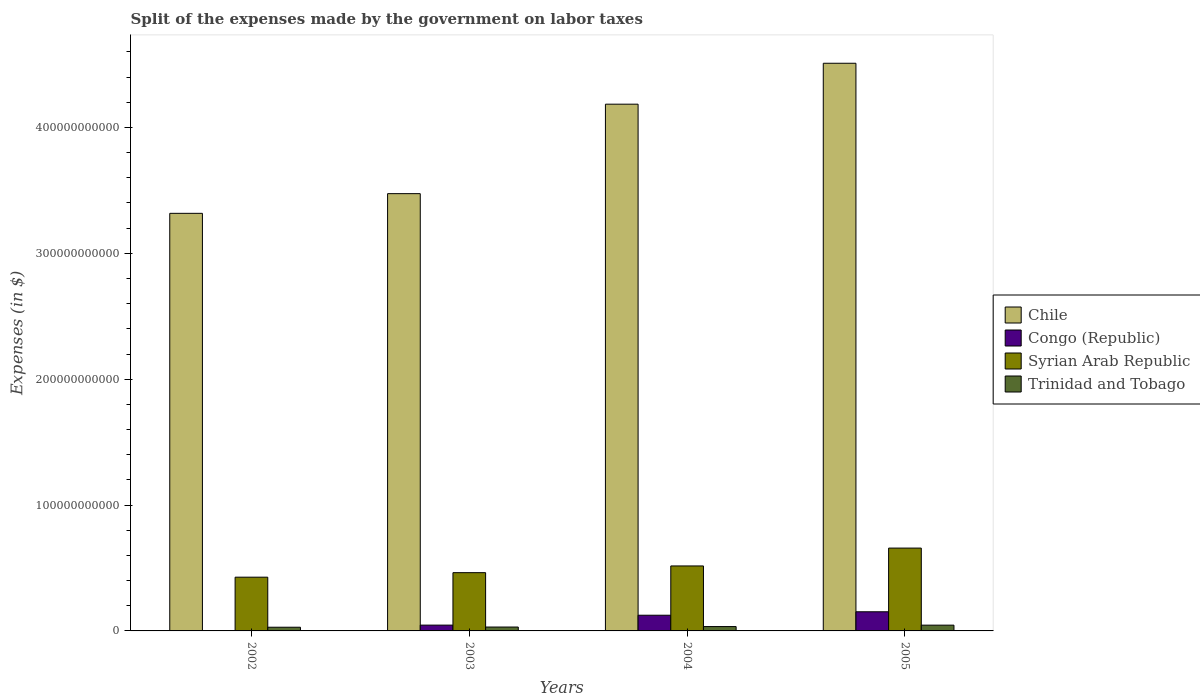How many groups of bars are there?
Give a very brief answer. 4. Are the number of bars on each tick of the X-axis equal?
Provide a succinct answer. Yes. How many bars are there on the 4th tick from the right?
Offer a terse response. 4. In how many cases, is the number of bars for a given year not equal to the number of legend labels?
Make the answer very short. 0. What is the expenses made by the government on labor taxes in Trinidad and Tobago in 2005?
Provide a succinct answer. 4.59e+09. Across all years, what is the maximum expenses made by the government on labor taxes in Chile?
Your answer should be very brief. 4.51e+11. Across all years, what is the minimum expenses made by the government on labor taxes in Syrian Arab Republic?
Your response must be concise. 4.27e+1. In which year was the expenses made by the government on labor taxes in Syrian Arab Republic minimum?
Offer a very short reply. 2002. What is the total expenses made by the government on labor taxes in Trinidad and Tobago in the graph?
Give a very brief answer. 1.41e+1. What is the difference between the expenses made by the government on labor taxes in Congo (Republic) in 2002 and that in 2005?
Keep it short and to the point. -1.49e+1. What is the difference between the expenses made by the government on labor taxes in Chile in 2003 and the expenses made by the government on labor taxes in Trinidad and Tobago in 2004?
Your answer should be compact. 3.44e+11. What is the average expenses made by the government on labor taxes in Syrian Arab Republic per year?
Your answer should be very brief. 5.16e+1. In the year 2004, what is the difference between the expenses made by the government on labor taxes in Congo (Republic) and expenses made by the government on labor taxes in Syrian Arab Republic?
Your answer should be very brief. -3.92e+1. In how many years, is the expenses made by the government on labor taxes in Trinidad and Tobago greater than 300000000000 $?
Make the answer very short. 0. What is the ratio of the expenses made by the government on labor taxes in Trinidad and Tobago in 2004 to that in 2005?
Provide a short and direct response. 0.75. Is the expenses made by the government on labor taxes in Chile in 2002 less than that in 2003?
Your answer should be very brief. Yes. What is the difference between the highest and the second highest expenses made by the government on labor taxes in Syrian Arab Republic?
Offer a terse response. 1.42e+1. What is the difference between the highest and the lowest expenses made by the government on labor taxes in Trinidad and Tobago?
Give a very brief answer. 1.66e+09. In how many years, is the expenses made by the government on labor taxes in Trinidad and Tobago greater than the average expenses made by the government on labor taxes in Trinidad and Tobago taken over all years?
Make the answer very short. 1. Is it the case that in every year, the sum of the expenses made by the government on labor taxes in Chile and expenses made by the government on labor taxes in Congo (Republic) is greater than the sum of expenses made by the government on labor taxes in Trinidad and Tobago and expenses made by the government on labor taxes in Syrian Arab Republic?
Keep it short and to the point. Yes. What does the 4th bar from the left in 2005 represents?
Provide a succinct answer. Trinidad and Tobago. What does the 1st bar from the right in 2005 represents?
Your response must be concise. Trinidad and Tobago. Are all the bars in the graph horizontal?
Give a very brief answer. No. What is the difference between two consecutive major ticks on the Y-axis?
Offer a terse response. 1.00e+11. Are the values on the major ticks of Y-axis written in scientific E-notation?
Your answer should be very brief. No. Does the graph contain any zero values?
Ensure brevity in your answer.  No. Where does the legend appear in the graph?
Ensure brevity in your answer.  Center right. What is the title of the graph?
Your answer should be compact. Split of the expenses made by the government on labor taxes. Does "South Asia" appear as one of the legend labels in the graph?
Keep it short and to the point. No. What is the label or title of the X-axis?
Make the answer very short. Years. What is the label or title of the Y-axis?
Give a very brief answer. Expenses (in $). What is the Expenses (in $) of Chile in 2002?
Your answer should be compact. 3.32e+11. What is the Expenses (in $) of Congo (Republic) in 2002?
Provide a succinct answer. 3.12e+08. What is the Expenses (in $) of Syrian Arab Republic in 2002?
Ensure brevity in your answer.  4.27e+1. What is the Expenses (in $) of Trinidad and Tobago in 2002?
Your answer should be very brief. 2.93e+09. What is the Expenses (in $) of Chile in 2003?
Give a very brief answer. 3.47e+11. What is the Expenses (in $) of Congo (Republic) in 2003?
Provide a succinct answer. 4.61e+09. What is the Expenses (in $) in Syrian Arab Republic in 2003?
Your answer should be very brief. 4.63e+1. What is the Expenses (in $) in Trinidad and Tobago in 2003?
Offer a terse response. 3.09e+09. What is the Expenses (in $) in Chile in 2004?
Make the answer very short. 4.18e+11. What is the Expenses (in $) in Congo (Republic) in 2004?
Your answer should be compact. 1.25e+1. What is the Expenses (in $) of Syrian Arab Republic in 2004?
Your answer should be compact. 5.16e+1. What is the Expenses (in $) in Trinidad and Tobago in 2004?
Keep it short and to the point. 3.46e+09. What is the Expenses (in $) in Chile in 2005?
Provide a short and direct response. 4.51e+11. What is the Expenses (in $) of Congo (Republic) in 2005?
Give a very brief answer. 1.52e+1. What is the Expenses (in $) in Syrian Arab Republic in 2005?
Give a very brief answer. 6.58e+1. What is the Expenses (in $) in Trinidad and Tobago in 2005?
Provide a short and direct response. 4.59e+09. Across all years, what is the maximum Expenses (in $) in Chile?
Your response must be concise. 4.51e+11. Across all years, what is the maximum Expenses (in $) in Congo (Republic)?
Your answer should be very brief. 1.52e+1. Across all years, what is the maximum Expenses (in $) in Syrian Arab Republic?
Provide a short and direct response. 6.58e+1. Across all years, what is the maximum Expenses (in $) of Trinidad and Tobago?
Your answer should be very brief. 4.59e+09. Across all years, what is the minimum Expenses (in $) in Chile?
Give a very brief answer. 3.32e+11. Across all years, what is the minimum Expenses (in $) in Congo (Republic)?
Offer a very short reply. 3.12e+08. Across all years, what is the minimum Expenses (in $) in Syrian Arab Republic?
Make the answer very short. 4.27e+1. Across all years, what is the minimum Expenses (in $) in Trinidad and Tobago?
Your answer should be very brief. 2.93e+09. What is the total Expenses (in $) of Chile in the graph?
Offer a terse response. 1.55e+12. What is the total Expenses (in $) of Congo (Republic) in the graph?
Make the answer very short. 3.26e+1. What is the total Expenses (in $) in Syrian Arab Republic in the graph?
Your answer should be compact. 2.06e+11. What is the total Expenses (in $) in Trinidad and Tobago in the graph?
Keep it short and to the point. 1.41e+1. What is the difference between the Expenses (in $) of Chile in 2002 and that in 2003?
Ensure brevity in your answer.  -1.56e+1. What is the difference between the Expenses (in $) of Congo (Republic) in 2002 and that in 2003?
Offer a very short reply. -4.30e+09. What is the difference between the Expenses (in $) of Syrian Arab Republic in 2002 and that in 2003?
Keep it short and to the point. -3.59e+09. What is the difference between the Expenses (in $) in Trinidad and Tobago in 2002 and that in 2003?
Your answer should be very brief. -1.53e+08. What is the difference between the Expenses (in $) in Chile in 2002 and that in 2004?
Give a very brief answer. -8.67e+1. What is the difference between the Expenses (in $) in Congo (Republic) in 2002 and that in 2004?
Offer a very short reply. -1.22e+1. What is the difference between the Expenses (in $) of Syrian Arab Republic in 2002 and that in 2004?
Keep it short and to the point. -8.93e+09. What is the difference between the Expenses (in $) in Trinidad and Tobago in 2002 and that in 2004?
Your answer should be compact. -5.26e+08. What is the difference between the Expenses (in $) in Chile in 2002 and that in 2005?
Your answer should be very brief. -1.19e+11. What is the difference between the Expenses (in $) in Congo (Republic) in 2002 and that in 2005?
Your response must be concise. -1.49e+1. What is the difference between the Expenses (in $) in Syrian Arab Republic in 2002 and that in 2005?
Your answer should be compact. -2.31e+1. What is the difference between the Expenses (in $) in Trinidad and Tobago in 2002 and that in 2005?
Your answer should be very brief. -1.66e+09. What is the difference between the Expenses (in $) in Chile in 2003 and that in 2004?
Your answer should be very brief. -7.11e+1. What is the difference between the Expenses (in $) of Congo (Republic) in 2003 and that in 2004?
Keep it short and to the point. -7.85e+09. What is the difference between the Expenses (in $) in Syrian Arab Republic in 2003 and that in 2004?
Make the answer very short. -5.34e+09. What is the difference between the Expenses (in $) of Trinidad and Tobago in 2003 and that in 2004?
Offer a terse response. -3.72e+08. What is the difference between the Expenses (in $) in Chile in 2003 and that in 2005?
Your answer should be compact. -1.04e+11. What is the difference between the Expenses (in $) of Congo (Republic) in 2003 and that in 2005?
Ensure brevity in your answer.  -1.06e+1. What is the difference between the Expenses (in $) in Syrian Arab Republic in 2003 and that in 2005?
Provide a short and direct response. -1.95e+1. What is the difference between the Expenses (in $) in Trinidad and Tobago in 2003 and that in 2005?
Keep it short and to the point. -1.50e+09. What is the difference between the Expenses (in $) of Chile in 2004 and that in 2005?
Keep it short and to the point. -3.25e+1. What is the difference between the Expenses (in $) in Congo (Republic) in 2004 and that in 2005?
Provide a short and direct response. -2.75e+09. What is the difference between the Expenses (in $) of Syrian Arab Republic in 2004 and that in 2005?
Your answer should be compact. -1.42e+1. What is the difference between the Expenses (in $) of Trinidad and Tobago in 2004 and that in 2005?
Give a very brief answer. -1.13e+09. What is the difference between the Expenses (in $) of Chile in 2002 and the Expenses (in $) of Congo (Republic) in 2003?
Your answer should be very brief. 3.27e+11. What is the difference between the Expenses (in $) in Chile in 2002 and the Expenses (in $) in Syrian Arab Republic in 2003?
Provide a succinct answer. 2.85e+11. What is the difference between the Expenses (in $) of Chile in 2002 and the Expenses (in $) of Trinidad and Tobago in 2003?
Ensure brevity in your answer.  3.29e+11. What is the difference between the Expenses (in $) in Congo (Republic) in 2002 and the Expenses (in $) in Syrian Arab Republic in 2003?
Give a very brief answer. -4.60e+1. What is the difference between the Expenses (in $) in Congo (Republic) in 2002 and the Expenses (in $) in Trinidad and Tobago in 2003?
Give a very brief answer. -2.78e+09. What is the difference between the Expenses (in $) in Syrian Arab Republic in 2002 and the Expenses (in $) in Trinidad and Tobago in 2003?
Make the answer very short. 3.96e+1. What is the difference between the Expenses (in $) of Chile in 2002 and the Expenses (in $) of Congo (Republic) in 2004?
Make the answer very short. 3.19e+11. What is the difference between the Expenses (in $) of Chile in 2002 and the Expenses (in $) of Syrian Arab Republic in 2004?
Your answer should be compact. 2.80e+11. What is the difference between the Expenses (in $) of Chile in 2002 and the Expenses (in $) of Trinidad and Tobago in 2004?
Offer a terse response. 3.28e+11. What is the difference between the Expenses (in $) of Congo (Republic) in 2002 and the Expenses (in $) of Syrian Arab Republic in 2004?
Provide a succinct answer. -5.13e+1. What is the difference between the Expenses (in $) of Congo (Republic) in 2002 and the Expenses (in $) of Trinidad and Tobago in 2004?
Offer a terse response. -3.15e+09. What is the difference between the Expenses (in $) in Syrian Arab Republic in 2002 and the Expenses (in $) in Trinidad and Tobago in 2004?
Your answer should be compact. 3.92e+1. What is the difference between the Expenses (in $) of Chile in 2002 and the Expenses (in $) of Congo (Republic) in 2005?
Keep it short and to the point. 3.17e+11. What is the difference between the Expenses (in $) in Chile in 2002 and the Expenses (in $) in Syrian Arab Republic in 2005?
Provide a succinct answer. 2.66e+11. What is the difference between the Expenses (in $) of Chile in 2002 and the Expenses (in $) of Trinidad and Tobago in 2005?
Your answer should be compact. 3.27e+11. What is the difference between the Expenses (in $) of Congo (Republic) in 2002 and the Expenses (in $) of Syrian Arab Republic in 2005?
Your response must be concise. -6.55e+1. What is the difference between the Expenses (in $) of Congo (Republic) in 2002 and the Expenses (in $) of Trinidad and Tobago in 2005?
Ensure brevity in your answer.  -4.28e+09. What is the difference between the Expenses (in $) of Syrian Arab Republic in 2002 and the Expenses (in $) of Trinidad and Tobago in 2005?
Give a very brief answer. 3.81e+1. What is the difference between the Expenses (in $) in Chile in 2003 and the Expenses (in $) in Congo (Republic) in 2004?
Your response must be concise. 3.35e+11. What is the difference between the Expenses (in $) of Chile in 2003 and the Expenses (in $) of Syrian Arab Republic in 2004?
Provide a succinct answer. 2.96e+11. What is the difference between the Expenses (in $) of Chile in 2003 and the Expenses (in $) of Trinidad and Tobago in 2004?
Your response must be concise. 3.44e+11. What is the difference between the Expenses (in $) of Congo (Republic) in 2003 and the Expenses (in $) of Syrian Arab Republic in 2004?
Keep it short and to the point. -4.70e+1. What is the difference between the Expenses (in $) of Congo (Republic) in 2003 and the Expenses (in $) of Trinidad and Tobago in 2004?
Offer a terse response. 1.15e+09. What is the difference between the Expenses (in $) in Syrian Arab Republic in 2003 and the Expenses (in $) in Trinidad and Tobago in 2004?
Provide a short and direct response. 4.28e+1. What is the difference between the Expenses (in $) in Chile in 2003 and the Expenses (in $) in Congo (Republic) in 2005?
Offer a terse response. 3.32e+11. What is the difference between the Expenses (in $) in Chile in 2003 and the Expenses (in $) in Syrian Arab Republic in 2005?
Make the answer very short. 2.82e+11. What is the difference between the Expenses (in $) in Chile in 2003 and the Expenses (in $) in Trinidad and Tobago in 2005?
Provide a short and direct response. 3.43e+11. What is the difference between the Expenses (in $) of Congo (Republic) in 2003 and the Expenses (in $) of Syrian Arab Republic in 2005?
Ensure brevity in your answer.  -6.12e+1. What is the difference between the Expenses (in $) in Congo (Republic) in 2003 and the Expenses (in $) in Trinidad and Tobago in 2005?
Offer a terse response. 2.38e+07. What is the difference between the Expenses (in $) in Syrian Arab Republic in 2003 and the Expenses (in $) in Trinidad and Tobago in 2005?
Keep it short and to the point. 4.17e+1. What is the difference between the Expenses (in $) in Chile in 2004 and the Expenses (in $) in Congo (Republic) in 2005?
Keep it short and to the point. 4.03e+11. What is the difference between the Expenses (in $) in Chile in 2004 and the Expenses (in $) in Syrian Arab Republic in 2005?
Your response must be concise. 3.53e+11. What is the difference between the Expenses (in $) in Chile in 2004 and the Expenses (in $) in Trinidad and Tobago in 2005?
Your answer should be compact. 4.14e+11. What is the difference between the Expenses (in $) in Congo (Republic) in 2004 and the Expenses (in $) in Syrian Arab Republic in 2005?
Provide a short and direct response. -5.33e+1. What is the difference between the Expenses (in $) in Congo (Republic) in 2004 and the Expenses (in $) in Trinidad and Tobago in 2005?
Keep it short and to the point. 7.87e+09. What is the difference between the Expenses (in $) in Syrian Arab Republic in 2004 and the Expenses (in $) in Trinidad and Tobago in 2005?
Your answer should be compact. 4.70e+1. What is the average Expenses (in $) of Chile per year?
Offer a terse response. 3.87e+11. What is the average Expenses (in $) in Congo (Republic) per year?
Your answer should be very brief. 8.15e+09. What is the average Expenses (in $) in Syrian Arab Republic per year?
Provide a succinct answer. 5.16e+1. What is the average Expenses (in $) in Trinidad and Tobago per year?
Offer a terse response. 3.52e+09. In the year 2002, what is the difference between the Expenses (in $) of Chile and Expenses (in $) of Congo (Republic)?
Give a very brief answer. 3.31e+11. In the year 2002, what is the difference between the Expenses (in $) in Chile and Expenses (in $) in Syrian Arab Republic?
Your answer should be compact. 2.89e+11. In the year 2002, what is the difference between the Expenses (in $) in Chile and Expenses (in $) in Trinidad and Tobago?
Your answer should be very brief. 3.29e+11. In the year 2002, what is the difference between the Expenses (in $) of Congo (Republic) and Expenses (in $) of Syrian Arab Republic?
Your answer should be very brief. -4.24e+1. In the year 2002, what is the difference between the Expenses (in $) of Congo (Republic) and Expenses (in $) of Trinidad and Tobago?
Provide a succinct answer. -2.62e+09. In the year 2002, what is the difference between the Expenses (in $) in Syrian Arab Republic and Expenses (in $) in Trinidad and Tobago?
Provide a short and direct response. 3.98e+1. In the year 2003, what is the difference between the Expenses (in $) in Chile and Expenses (in $) in Congo (Republic)?
Provide a succinct answer. 3.43e+11. In the year 2003, what is the difference between the Expenses (in $) of Chile and Expenses (in $) of Syrian Arab Republic?
Provide a short and direct response. 3.01e+11. In the year 2003, what is the difference between the Expenses (in $) in Chile and Expenses (in $) in Trinidad and Tobago?
Make the answer very short. 3.44e+11. In the year 2003, what is the difference between the Expenses (in $) of Congo (Republic) and Expenses (in $) of Syrian Arab Republic?
Ensure brevity in your answer.  -4.17e+1. In the year 2003, what is the difference between the Expenses (in $) of Congo (Republic) and Expenses (in $) of Trinidad and Tobago?
Provide a succinct answer. 1.53e+09. In the year 2003, what is the difference between the Expenses (in $) of Syrian Arab Republic and Expenses (in $) of Trinidad and Tobago?
Make the answer very short. 4.32e+1. In the year 2004, what is the difference between the Expenses (in $) of Chile and Expenses (in $) of Congo (Republic)?
Ensure brevity in your answer.  4.06e+11. In the year 2004, what is the difference between the Expenses (in $) of Chile and Expenses (in $) of Syrian Arab Republic?
Your answer should be compact. 3.67e+11. In the year 2004, what is the difference between the Expenses (in $) of Chile and Expenses (in $) of Trinidad and Tobago?
Keep it short and to the point. 4.15e+11. In the year 2004, what is the difference between the Expenses (in $) in Congo (Republic) and Expenses (in $) in Syrian Arab Republic?
Your answer should be very brief. -3.92e+1. In the year 2004, what is the difference between the Expenses (in $) in Congo (Republic) and Expenses (in $) in Trinidad and Tobago?
Provide a succinct answer. 9.00e+09. In the year 2004, what is the difference between the Expenses (in $) in Syrian Arab Republic and Expenses (in $) in Trinidad and Tobago?
Make the answer very short. 4.82e+1. In the year 2005, what is the difference between the Expenses (in $) in Chile and Expenses (in $) in Congo (Republic)?
Give a very brief answer. 4.36e+11. In the year 2005, what is the difference between the Expenses (in $) of Chile and Expenses (in $) of Syrian Arab Republic?
Provide a short and direct response. 3.85e+11. In the year 2005, what is the difference between the Expenses (in $) of Chile and Expenses (in $) of Trinidad and Tobago?
Keep it short and to the point. 4.46e+11. In the year 2005, what is the difference between the Expenses (in $) in Congo (Republic) and Expenses (in $) in Syrian Arab Republic?
Provide a short and direct response. -5.06e+1. In the year 2005, what is the difference between the Expenses (in $) in Congo (Republic) and Expenses (in $) in Trinidad and Tobago?
Give a very brief answer. 1.06e+1. In the year 2005, what is the difference between the Expenses (in $) in Syrian Arab Republic and Expenses (in $) in Trinidad and Tobago?
Your response must be concise. 6.12e+1. What is the ratio of the Expenses (in $) of Chile in 2002 to that in 2003?
Your response must be concise. 0.95. What is the ratio of the Expenses (in $) of Congo (Republic) in 2002 to that in 2003?
Provide a succinct answer. 0.07. What is the ratio of the Expenses (in $) of Syrian Arab Republic in 2002 to that in 2003?
Your response must be concise. 0.92. What is the ratio of the Expenses (in $) of Trinidad and Tobago in 2002 to that in 2003?
Make the answer very short. 0.95. What is the ratio of the Expenses (in $) in Chile in 2002 to that in 2004?
Keep it short and to the point. 0.79. What is the ratio of the Expenses (in $) of Congo (Republic) in 2002 to that in 2004?
Offer a terse response. 0.03. What is the ratio of the Expenses (in $) of Syrian Arab Republic in 2002 to that in 2004?
Make the answer very short. 0.83. What is the ratio of the Expenses (in $) of Trinidad and Tobago in 2002 to that in 2004?
Give a very brief answer. 0.85. What is the ratio of the Expenses (in $) in Chile in 2002 to that in 2005?
Provide a short and direct response. 0.74. What is the ratio of the Expenses (in $) in Congo (Republic) in 2002 to that in 2005?
Your response must be concise. 0.02. What is the ratio of the Expenses (in $) in Syrian Arab Republic in 2002 to that in 2005?
Offer a terse response. 0.65. What is the ratio of the Expenses (in $) of Trinidad and Tobago in 2002 to that in 2005?
Your response must be concise. 0.64. What is the ratio of the Expenses (in $) in Chile in 2003 to that in 2004?
Make the answer very short. 0.83. What is the ratio of the Expenses (in $) in Congo (Republic) in 2003 to that in 2004?
Ensure brevity in your answer.  0.37. What is the ratio of the Expenses (in $) of Syrian Arab Republic in 2003 to that in 2004?
Your answer should be compact. 0.9. What is the ratio of the Expenses (in $) in Trinidad and Tobago in 2003 to that in 2004?
Offer a terse response. 0.89. What is the ratio of the Expenses (in $) in Chile in 2003 to that in 2005?
Your answer should be compact. 0.77. What is the ratio of the Expenses (in $) in Congo (Republic) in 2003 to that in 2005?
Make the answer very short. 0.3. What is the ratio of the Expenses (in $) in Syrian Arab Republic in 2003 to that in 2005?
Keep it short and to the point. 0.7. What is the ratio of the Expenses (in $) of Trinidad and Tobago in 2003 to that in 2005?
Your response must be concise. 0.67. What is the ratio of the Expenses (in $) in Chile in 2004 to that in 2005?
Make the answer very short. 0.93. What is the ratio of the Expenses (in $) of Congo (Republic) in 2004 to that in 2005?
Provide a succinct answer. 0.82. What is the ratio of the Expenses (in $) in Syrian Arab Republic in 2004 to that in 2005?
Your answer should be compact. 0.78. What is the ratio of the Expenses (in $) of Trinidad and Tobago in 2004 to that in 2005?
Your answer should be very brief. 0.75. What is the difference between the highest and the second highest Expenses (in $) of Chile?
Keep it short and to the point. 3.25e+1. What is the difference between the highest and the second highest Expenses (in $) of Congo (Republic)?
Provide a short and direct response. 2.75e+09. What is the difference between the highest and the second highest Expenses (in $) of Syrian Arab Republic?
Make the answer very short. 1.42e+1. What is the difference between the highest and the second highest Expenses (in $) of Trinidad and Tobago?
Offer a very short reply. 1.13e+09. What is the difference between the highest and the lowest Expenses (in $) in Chile?
Keep it short and to the point. 1.19e+11. What is the difference between the highest and the lowest Expenses (in $) of Congo (Republic)?
Offer a very short reply. 1.49e+1. What is the difference between the highest and the lowest Expenses (in $) in Syrian Arab Republic?
Your response must be concise. 2.31e+1. What is the difference between the highest and the lowest Expenses (in $) in Trinidad and Tobago?
Make the answer very short. 1.66e+09.

Work required> Starting with the line with "Make the answer very short. 3.96e+1." above and going on through the line with "-4.28e+09. What is", transcribe every line exactly, both ends included, and add nothing.

Exercise output>
Make the answer very short. 3.96e+1. What is the difference between the Expenses (in $) of Chile in 2002 and the Expenses (in $) of Congo (Republic) in 2004?
Make the answer very short. 3.19e+11. What is the difference between the Expenses (in $) of Chile in 2002 and the Expenses (in $) of Syrian Arab Republic in 2004?
Your answer should be compact. 2.80e+11. What is the difference between the Expenses (in $) of Chile in 2002 and the Expenses (in $) of Trinidad and Tobago in 2004?
Offer a terse response. 3.28e+11. What is the difference between the Expenses (in $) of Congo (Republic) in 2002 and the Expenses (in $) of Syrian Arab Republic in 2004?
Provide a succinct answer. -5.13e+1. What is the difference between the Expenses (in $) of Congo (Republic) in 2002 and the Expenses (in $) of Trinidad and Tobago in 2004?
Offer a terse response. -3.15e+09. What is the difference between the Expenses (in $) in Syrian Arab Republic in 2002 and the Expenses (in $) in Trinidad and Tobago in 2004?
Your answer should be compact. 3.92e+1. What is the difference between the Expenses (in $) of Chile in 2002 and the Expenses (in $) of Congo (Republic) in 2005?
Keep it short and to the point. 3.17e+11. What is the difference between the Expenses (in $) in Chile in 2002 and the Expenses (in $) in Syrian Arab Republic in 2005?
Provide a succinct answer. 2.66e+11. What is the difference between the Expenses (in $) of Chile in 2002 and the Expenses (in $) of Trinidad and Tobago in 2005?
Your answer should be compact. 3.27e+11. What is the difference between the Expenses (in $) of Congo (Republic) in 2002 and the Expenses (in $) of Syrian Arab Republic in 2005?
Your response must be concise. -6.55e+1. What is the difference between the Expenses (in $) of Congo (Republic) in 2002 and the Expenses (in $) of Trinidad and Tobago in 2005?
Ensure brevity in your answer.  -4.28e+09. What is the difference between the Expenses (in $) of Syrian Arab Republic in 2002 and the Expenses (in $) of Trinidad and Tobago in 2005?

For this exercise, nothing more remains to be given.